● **WORK INSTRUCTION**
Copy out, exactly, the first line of the entries below and every line after it through the one containing "(12.5 s to 21.5 s)".

(Records excerpted from a collection)
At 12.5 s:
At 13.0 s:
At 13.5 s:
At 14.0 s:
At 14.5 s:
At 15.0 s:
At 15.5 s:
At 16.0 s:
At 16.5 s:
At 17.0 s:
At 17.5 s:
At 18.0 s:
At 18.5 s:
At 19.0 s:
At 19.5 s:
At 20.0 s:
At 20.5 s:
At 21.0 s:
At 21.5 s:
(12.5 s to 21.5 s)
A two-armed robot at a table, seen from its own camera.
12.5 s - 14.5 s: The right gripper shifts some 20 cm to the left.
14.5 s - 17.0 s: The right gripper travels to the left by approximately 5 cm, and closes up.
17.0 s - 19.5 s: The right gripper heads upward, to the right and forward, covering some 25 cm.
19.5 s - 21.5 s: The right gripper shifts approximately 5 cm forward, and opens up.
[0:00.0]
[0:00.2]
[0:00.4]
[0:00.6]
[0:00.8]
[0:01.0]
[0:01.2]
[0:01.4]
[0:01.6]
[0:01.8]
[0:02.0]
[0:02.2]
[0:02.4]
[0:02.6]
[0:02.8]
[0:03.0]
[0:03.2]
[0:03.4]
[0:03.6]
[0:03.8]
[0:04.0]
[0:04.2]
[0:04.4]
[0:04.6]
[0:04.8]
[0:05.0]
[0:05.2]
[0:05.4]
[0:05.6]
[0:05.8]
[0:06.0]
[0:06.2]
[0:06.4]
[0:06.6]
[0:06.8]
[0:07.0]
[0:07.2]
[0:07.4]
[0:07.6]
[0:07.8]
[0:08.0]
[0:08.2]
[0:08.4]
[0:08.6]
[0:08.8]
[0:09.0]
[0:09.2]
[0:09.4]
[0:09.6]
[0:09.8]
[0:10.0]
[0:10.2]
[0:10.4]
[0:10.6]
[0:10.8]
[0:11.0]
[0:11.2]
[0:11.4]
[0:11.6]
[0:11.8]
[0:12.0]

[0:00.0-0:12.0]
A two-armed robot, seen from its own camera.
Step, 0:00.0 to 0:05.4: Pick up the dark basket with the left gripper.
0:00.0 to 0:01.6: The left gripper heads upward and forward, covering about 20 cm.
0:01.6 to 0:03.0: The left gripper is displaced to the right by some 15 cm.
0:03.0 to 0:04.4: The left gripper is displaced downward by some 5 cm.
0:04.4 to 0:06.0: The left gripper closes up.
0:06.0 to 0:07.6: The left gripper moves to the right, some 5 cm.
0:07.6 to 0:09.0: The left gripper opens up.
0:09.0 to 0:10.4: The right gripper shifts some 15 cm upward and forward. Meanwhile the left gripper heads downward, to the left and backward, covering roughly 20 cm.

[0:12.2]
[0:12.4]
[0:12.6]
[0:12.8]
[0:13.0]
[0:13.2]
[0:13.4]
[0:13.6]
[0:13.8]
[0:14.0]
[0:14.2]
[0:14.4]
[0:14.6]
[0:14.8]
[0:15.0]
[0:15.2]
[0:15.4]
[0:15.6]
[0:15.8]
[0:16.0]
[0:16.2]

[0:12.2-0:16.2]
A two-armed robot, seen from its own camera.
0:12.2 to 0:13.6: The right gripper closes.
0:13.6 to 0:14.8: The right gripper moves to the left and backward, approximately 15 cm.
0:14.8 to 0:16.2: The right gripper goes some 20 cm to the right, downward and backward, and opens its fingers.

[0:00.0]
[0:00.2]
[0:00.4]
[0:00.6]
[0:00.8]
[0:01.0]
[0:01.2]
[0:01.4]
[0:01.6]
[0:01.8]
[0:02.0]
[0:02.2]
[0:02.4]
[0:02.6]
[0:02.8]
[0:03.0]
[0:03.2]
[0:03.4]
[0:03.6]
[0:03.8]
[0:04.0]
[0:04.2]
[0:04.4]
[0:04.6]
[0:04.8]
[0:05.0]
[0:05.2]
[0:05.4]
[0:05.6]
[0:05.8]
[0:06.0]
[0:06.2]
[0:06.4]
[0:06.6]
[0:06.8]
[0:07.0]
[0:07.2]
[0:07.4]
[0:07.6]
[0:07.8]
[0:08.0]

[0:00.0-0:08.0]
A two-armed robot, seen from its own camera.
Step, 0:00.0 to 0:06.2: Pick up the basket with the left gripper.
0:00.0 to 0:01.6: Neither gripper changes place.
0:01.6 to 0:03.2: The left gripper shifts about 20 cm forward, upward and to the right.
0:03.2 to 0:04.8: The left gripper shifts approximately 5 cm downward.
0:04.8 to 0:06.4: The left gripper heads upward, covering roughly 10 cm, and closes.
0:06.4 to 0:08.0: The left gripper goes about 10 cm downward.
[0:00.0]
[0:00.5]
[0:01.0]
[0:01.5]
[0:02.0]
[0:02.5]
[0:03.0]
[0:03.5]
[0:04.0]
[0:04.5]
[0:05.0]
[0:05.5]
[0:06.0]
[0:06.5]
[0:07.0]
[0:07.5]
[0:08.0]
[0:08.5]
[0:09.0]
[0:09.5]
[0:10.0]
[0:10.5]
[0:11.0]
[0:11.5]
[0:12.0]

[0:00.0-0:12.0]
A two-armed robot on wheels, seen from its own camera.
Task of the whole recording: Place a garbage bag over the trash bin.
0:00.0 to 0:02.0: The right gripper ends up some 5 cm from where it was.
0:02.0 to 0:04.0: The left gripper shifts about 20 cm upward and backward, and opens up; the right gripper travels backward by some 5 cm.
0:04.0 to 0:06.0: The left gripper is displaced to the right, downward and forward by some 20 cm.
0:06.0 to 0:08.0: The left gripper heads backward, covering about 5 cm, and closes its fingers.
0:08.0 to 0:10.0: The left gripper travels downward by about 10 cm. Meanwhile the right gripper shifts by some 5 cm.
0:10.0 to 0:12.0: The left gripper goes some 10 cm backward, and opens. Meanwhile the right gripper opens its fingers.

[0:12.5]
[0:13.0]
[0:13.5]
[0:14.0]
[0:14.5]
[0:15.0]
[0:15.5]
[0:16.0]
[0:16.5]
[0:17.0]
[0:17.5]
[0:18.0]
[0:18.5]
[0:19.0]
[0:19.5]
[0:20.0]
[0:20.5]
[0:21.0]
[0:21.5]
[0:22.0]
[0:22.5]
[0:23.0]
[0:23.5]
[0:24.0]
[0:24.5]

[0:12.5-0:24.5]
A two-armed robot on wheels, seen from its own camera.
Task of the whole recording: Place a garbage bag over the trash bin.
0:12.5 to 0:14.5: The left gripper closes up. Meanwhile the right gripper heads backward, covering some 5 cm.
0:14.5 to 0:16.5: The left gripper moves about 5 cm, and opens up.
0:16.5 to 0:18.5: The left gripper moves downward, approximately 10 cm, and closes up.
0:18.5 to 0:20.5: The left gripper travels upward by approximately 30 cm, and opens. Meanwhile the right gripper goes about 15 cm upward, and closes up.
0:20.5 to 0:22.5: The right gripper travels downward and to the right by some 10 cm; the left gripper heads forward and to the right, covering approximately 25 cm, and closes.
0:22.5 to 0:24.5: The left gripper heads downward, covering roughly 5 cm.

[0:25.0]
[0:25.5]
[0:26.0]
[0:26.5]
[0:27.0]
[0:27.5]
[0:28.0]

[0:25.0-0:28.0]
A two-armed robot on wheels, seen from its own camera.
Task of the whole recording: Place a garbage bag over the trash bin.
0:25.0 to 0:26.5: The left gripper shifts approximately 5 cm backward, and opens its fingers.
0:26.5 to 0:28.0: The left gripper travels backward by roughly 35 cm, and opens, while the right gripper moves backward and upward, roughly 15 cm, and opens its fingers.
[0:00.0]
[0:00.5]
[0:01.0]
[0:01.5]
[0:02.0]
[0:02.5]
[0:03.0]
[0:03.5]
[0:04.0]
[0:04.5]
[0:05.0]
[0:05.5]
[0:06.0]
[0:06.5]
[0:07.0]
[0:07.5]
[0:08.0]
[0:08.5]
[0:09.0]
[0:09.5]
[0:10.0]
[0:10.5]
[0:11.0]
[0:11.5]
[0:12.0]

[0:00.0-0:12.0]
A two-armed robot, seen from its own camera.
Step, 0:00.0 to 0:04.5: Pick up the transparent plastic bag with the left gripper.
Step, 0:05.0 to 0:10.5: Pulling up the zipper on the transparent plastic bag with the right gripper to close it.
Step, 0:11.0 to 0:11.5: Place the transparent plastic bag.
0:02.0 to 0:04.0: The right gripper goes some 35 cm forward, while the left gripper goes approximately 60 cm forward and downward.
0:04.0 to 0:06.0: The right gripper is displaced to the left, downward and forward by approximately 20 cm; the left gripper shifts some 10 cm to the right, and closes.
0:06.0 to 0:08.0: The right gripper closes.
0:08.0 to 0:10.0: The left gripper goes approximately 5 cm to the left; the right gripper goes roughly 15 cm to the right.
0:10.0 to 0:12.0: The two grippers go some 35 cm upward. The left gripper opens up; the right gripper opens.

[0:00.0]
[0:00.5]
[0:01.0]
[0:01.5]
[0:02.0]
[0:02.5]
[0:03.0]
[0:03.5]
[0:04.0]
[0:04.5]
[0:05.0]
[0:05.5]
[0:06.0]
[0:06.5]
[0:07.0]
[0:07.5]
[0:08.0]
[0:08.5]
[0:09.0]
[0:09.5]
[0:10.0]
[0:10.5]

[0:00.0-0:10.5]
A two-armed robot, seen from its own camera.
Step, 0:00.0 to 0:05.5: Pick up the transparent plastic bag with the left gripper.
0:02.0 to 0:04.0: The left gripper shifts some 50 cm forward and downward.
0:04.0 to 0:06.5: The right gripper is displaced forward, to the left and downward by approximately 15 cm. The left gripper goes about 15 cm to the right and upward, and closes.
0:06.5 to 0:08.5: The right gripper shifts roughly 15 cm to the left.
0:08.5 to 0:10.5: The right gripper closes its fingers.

● **RESPONSE TO THIS EXERCISE**
At 12.5 s:
At 13.0 s:
At 13.5 s:
At 14.0 s:
At 14.5 s:
At 15.0 s:
At 15.5 s:
At 16.0 s:
At 16.5 s:
At 17.0 s:
At 17.5 s:
At 18.0 s:
At 18.5 s:
At 19.0 s:
At 19.5 s:
At 20.0 s:
At 20.5 s:
At 21.0 s:
At 21.5 s:
(12.5 s to 21.5 s)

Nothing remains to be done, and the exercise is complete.